What is expected |
The finished copy should match every record exactly and contain no pictures.

Source material |
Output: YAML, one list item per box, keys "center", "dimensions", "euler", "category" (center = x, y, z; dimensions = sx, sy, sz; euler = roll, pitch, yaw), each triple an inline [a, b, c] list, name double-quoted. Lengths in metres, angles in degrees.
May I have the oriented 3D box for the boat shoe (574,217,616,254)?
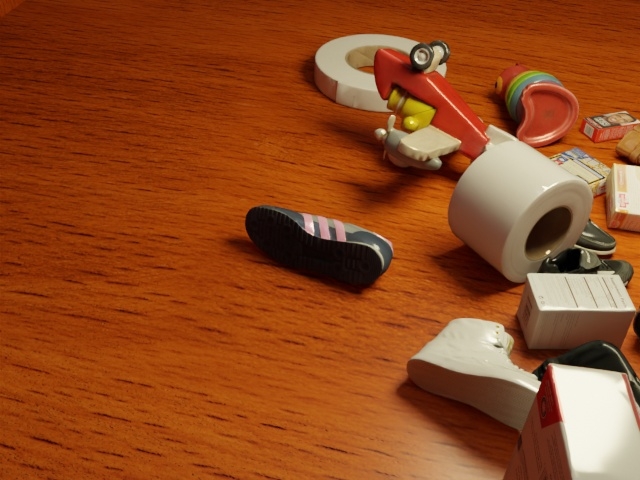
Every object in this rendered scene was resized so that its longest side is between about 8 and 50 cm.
- center: [0.553, -0.047, 1.725]
  dimensions: [0.084, 0.079, 0.233]
  euler: [-22, 46, -31]
  category: "boat shoe"

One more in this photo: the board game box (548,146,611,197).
- center: [0.603, -0.152, 1.889]
  dimensions: [0.193, 0.045, 0.147]
  euler: [-19, 43, -26]
  category: "board game box"

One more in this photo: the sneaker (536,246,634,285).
- center: [0.533, 0.059, 1.561]
  dimensions: [0.234, 0.106, 0.078]
  euler: [-8, 40, -14]
  category: "sneaker"

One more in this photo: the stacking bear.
- center: [0.565, -0.390, 2.115]
  dimensions: [0.164, 0.175, 0.289]
  euler: [-5, 31, -7]
  category: "stacking bear"

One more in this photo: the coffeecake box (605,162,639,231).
- center: [0.752, -0.091, 1.772]
  dimensions: [0.185, 0.068, 0.142]
  euler: [9, 57, 6]
  category: "coffeecake box"

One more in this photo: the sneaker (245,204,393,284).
- center: [0.000, 0.000, 1.619]
  dimensions: [0.319, 0.112, 0.131]
  euler: [22, 25, 19]
  category: "sneaker"

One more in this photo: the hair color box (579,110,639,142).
- center: [0.782, -0.307, 2.105]
  dimensions: [0.141, 0.043, 0.072]
  euler: [-11, 39, -19]
  category: "hair color box"

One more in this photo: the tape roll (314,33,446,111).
- center: [0.172, -0.496, 2.282]
  dimensions: [0.392, 0.072, 0.392]
  euler: [3, 37, -2]
  category: "tape roll"

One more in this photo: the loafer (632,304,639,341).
- center: [0.659, 0.228, 1.329]
  dimensions: [0.130, 0.134, 0.366]
  euler: [-14, 41, -21]
  category: "loafer"

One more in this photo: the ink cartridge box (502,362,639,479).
- center: [0.339, 0.335, 1.057]
  dimensions: [0.114, 0.273, 0.197]
  euler: [8, 38, 0]
  category: "ink cartridge box"

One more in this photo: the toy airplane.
- center: [0.285, -0.257, 1.870]
  dimensions: [0.386, 0.272, 0.384]
  euler: [25, 37, -34]
  category: "toy airplane"

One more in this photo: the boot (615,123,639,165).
- center: [0.914, -0.239, 1.997]
  dimensions: [0.283, 0.109, 0.220]
  euler: [-33, 46, -28]
  category: "boot"

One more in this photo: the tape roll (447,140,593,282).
- center: [0.406, -0.059, 1.592]
  dimensions: [0.246, 0.246, 0.169]
  euler: [-19, 43, -26]
  category: "tape roll"

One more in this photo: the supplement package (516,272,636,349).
- center: [0.475, 0.133, 1.461]
  dimensions: [0.179, 0.105, 0.105]
  euler: [1, 38, -3]
  category: "supplement package"

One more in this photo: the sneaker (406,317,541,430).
- center: [0.313, 0.214, 1.325]
  dimensions: [0.292, 0.108, 0.169]
  euler: [18, 40, 33]
  category: "sneaker"

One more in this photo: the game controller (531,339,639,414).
- center: [0.456, 0.296, 1.245]
  dimensions: [0.166, 0.067, 0.319]
  euler: [-23, 39, 7]
  category: "game controller"

Written solution |
Output: YAML, one list item per box, keys "center", "dimensions", "euler", "category" (center = x, y, z; dimensions = sx, sy, sz; euler = roll, pitch, yaw), each triple an inline [a, b, c] list, name double-quoted. Lengths in metres, angles in degrees.
May I have the oriented 3D box for the boat shoe (574,217,616,254)?
Every object in this rendered scene was resized so that its longest side is between about 8 and 50 cm.
- center: [0.553, -0.047, 1.725]
  dimensions: [0.084, 0.079, 0.233]
  euler: [-22, 46, -31]
  category: "boat shoe"

One more in this photo: the board game box (548,146,611,197).
- center: [0.603, -0.152, 1.889]
  dimensions: [0.193, 0.045, 0.147]
  euler: [-19, 43, -26]
  category: "board game box"

One more in this photo: the sneaker (536,246,634,285).
- center: [0.533, 0.059, 1.561]
  dimensions: [0.234, 0.106, 0.078]
  euler: [-8, 40, -14]
  category: "sneaker"

One more in this photo: the stacking bear.
- center: [0.565, -0.390, 2.115]
  dimensions: [0.164, 0.175, 0.289]
  euler: [-5, 31, -7]
  category: "stacking bear"

One more in this photo: the coffeecake box (605,162,639,231).
- center: [0.752, -0.091, 1.772]
  dimensions: [0.185, 0.068, 0.142]
  euler: [9, 57, 6]
  category: "coffeecake box"

One more in this photo: the sneaker (245,204,393,284).
- center: [0.000, 0.000, 1.619]
  dimensions: [0.319, 0.112, 0.131]
  euler: [22, 25, 19]
  category: "sneaker"

One more in this photo: the hair color box (579,110,639,142).
- center: [0.782, -0.307, 2.105]
  dimensions: [0.141, 0.043, 0.072]
  euler: [-11, 39, -19]
  category: "hair color box"

One more in this photo: the tape roll (314,33,446,111).
- center: [0.172, -0.496, 2.282]
  dimensions: [0.392, 0.072, 0.392]
  euler: [3, 37, -2]
  category: "tape roll"

One more in this photo: the loafer (632,304,639,341).
- center: [0.659, 0.228, 1.329]
  dimensions: [0.130, 0.134, 0.366]
  euler: [-14, 41, -21]
  category: "loafer"

One more in this photo: the ink cartridge box (502,362,639,479).
- center: [0.339, 0.335, 1.057]
  dimensions: [0.114, 0.273, 0.197]
  euler: [8, 38, 0]
  category: "ink cartridge box"

One more in this photo: the toy airplane.
- center: [0.285, -0.257, 1.870]
  dimensions: [0.386, 0.272, 0.384]
  euler: [25, 37, -34]
  category: "toy airplane"

One more in this photo: the boot (615,123,639,165).
- center: [0.914, -0.239, 1.997]
  dimensions: [0.283, 0.109, 0.220]
  euler: [-33, 46, -28]
  category: "boot"

One more in this photo: the tape roll (447,140,593,282).
- center: [0.406, -0.059, 1.592]
  dimensions: [0.246, 0.246, 0.169]
  euler: [-19, 43, -26]
  category: "tape roll"

One more in this photo: the supplement package (516,272,636,349).
- center: [0.475, 0.133, 1.461]
  dimensions: [0.179, 0.105, 0.105]
  euler: [1, 38, -3]
  category: "supplement package"

One more in this photo: the sneaker (406,317,541,430).
- center: [0.313, 0.214, 1.325]
  dimensions: [0.292, 0.108, 0.169]
  euler: [18, 40, 33]
  category: "sneaker"

One more in this photo: the game controller (531,339,639,414).
- center: [0.456, 0.296, 1.245]
  dimensions: [0.166, 0.067, 0.319]
  euler: [-23, 39, 7]
  category: "game controller"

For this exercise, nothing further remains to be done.